Evidence and sources
- OpenTelemetry GenAI semantic conventions, https://opentelemetry.io/docs/specs/semconv/gen-ai/, for the trace schema that lets evaluation be reusable across teams.
- "Judging LLM-as-a-Judge with MT-Bench and Chatbot Arena," Zheng et al., 2023, https://arxiv.org/abs/2306.05685, on the calibration assumptions any judge-driven gate depends on.
- Matthews Correlation Coefficient, https://en.wikipedia.org/wiki/Phi_coefficient, the agreement metric most platforms use to qualify evaluators before allowing them to gate.
Evidence cap reached at three links. Additional reading:
FAQ
How big should the platform team be to maintain this infrastructure? The initial build is a 2 to 4 engineer-quarter project for an organisation with 5 to 10 product teams. Ongoing maintenance, with good schedulers and good calibration discipline, is typically 0.5 to 1 FTE plus a partial ML or applied-AI partner. The cost scales sub-linearly with product teams; that is the whole point of centralising.
Where do golden datasets live, and who owns them? In the dataset registry, owned by the platform team. Each snapshot is owned by the product team that annotated it. Lifecycle (retention, deprecation, retirement) is set by policy. Treat snapshots as immutable: a "change" produces a new version; the old version remains queryable so historical scores remain reproducible.
How do we keep evaluator costs from exploding? Three controls in order of impact: sampling (do not score every trace), caching (deduplicate identical (input, evaluator-version) tuples), and rate limiting (per-team quotas on the execution service). A shared cost dashboard with weekly review is the cultural lever that keeps the technical controls honest.
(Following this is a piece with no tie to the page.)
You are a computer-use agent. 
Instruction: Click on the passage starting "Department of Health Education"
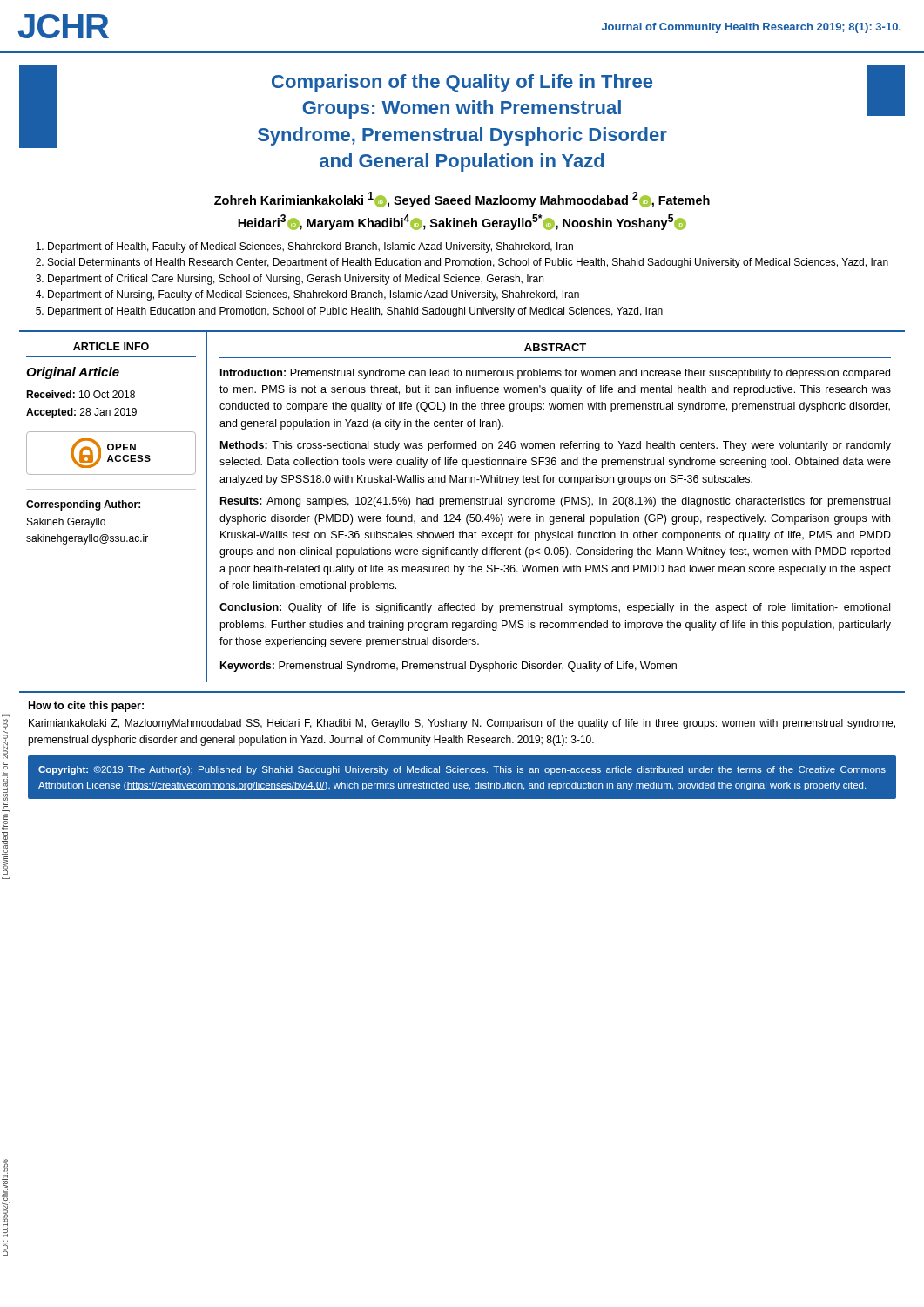click(355, 311)

What about products that have no traffic yet? Bootstrap with synthetic adversarial examples and treat the resulting evaluator scores as advisory until production data accumulates. The same platform machinery works; the dataset just starts smaller and matures faster as traffic appears.
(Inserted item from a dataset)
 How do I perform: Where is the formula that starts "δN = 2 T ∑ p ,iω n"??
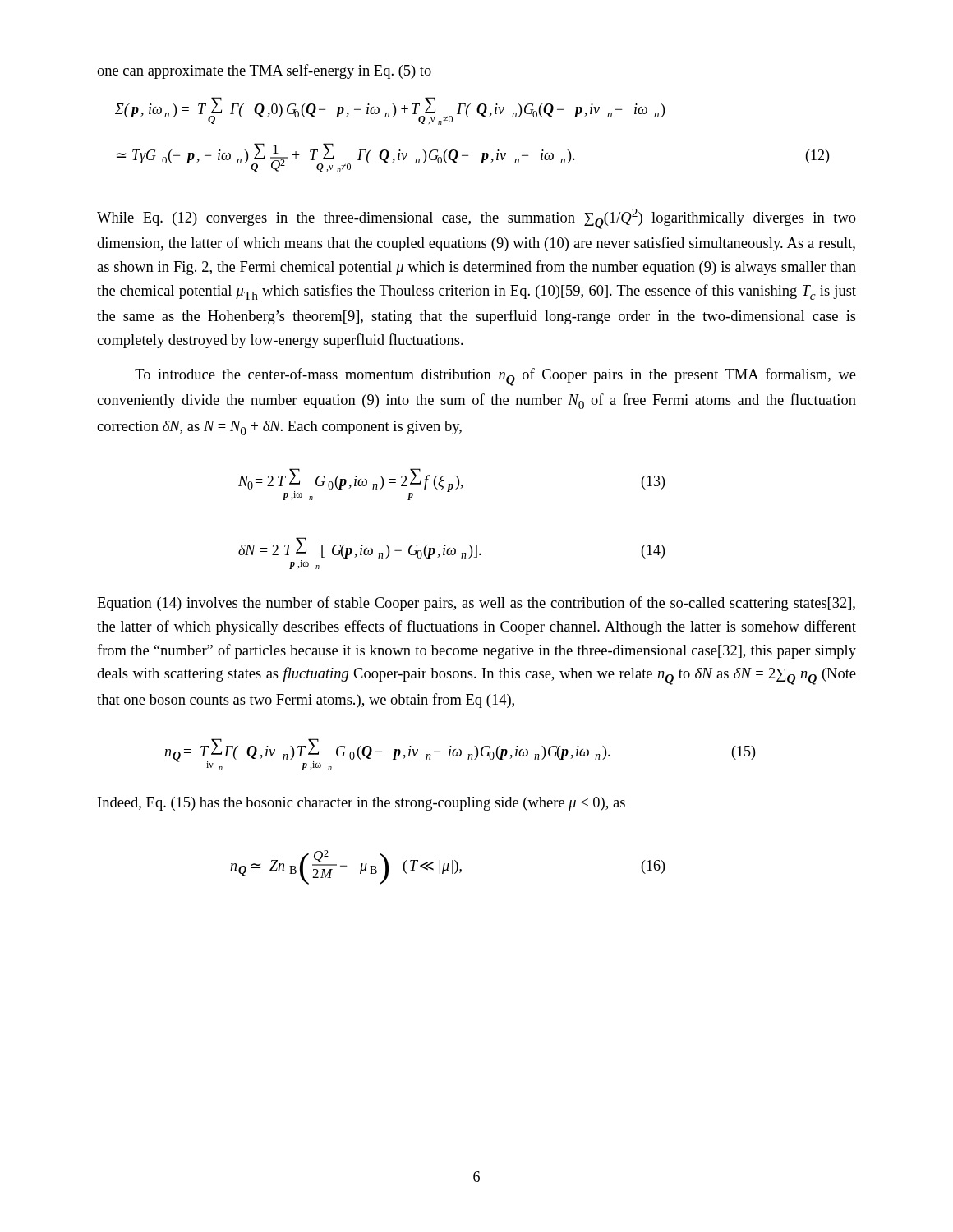[476, 551]

Should evaluation be in the same CI as unit tests, or separate? Same CI, separate stage. Engineers want one merge gate, not two. Unit tests run in seconds; evaluation can run in minutes; structure the pipeline so unit tests gate cheaply and evaluation gates slightly later in the pipeline. Both are required to pass for a merge; both surface in the same PR view.
How do we handle evaluator drift across model updates? Calibration metrics (MCC, kappa, agreement) are first-class platform signals. A drift over a threshold downgrades the affected evaluators from blocking to advisory automatically, alerts the platform team, and queues a re-calibration job. The release cadence holds because the override path is explicit; the platform fixes the calibration on its own SLO rather than the product team's release window.
Is OpenTelemetry strictly required? Strictly, no; practically, yes. Without a standard schema, every product team's traces have to be normalised separately, every evaluator has to know about every shape, and the platform becomes glue code. OpenTelemetry GenAI conventions are the cheapest standard to adopt and the easiest to migrate off of if a better one emerges.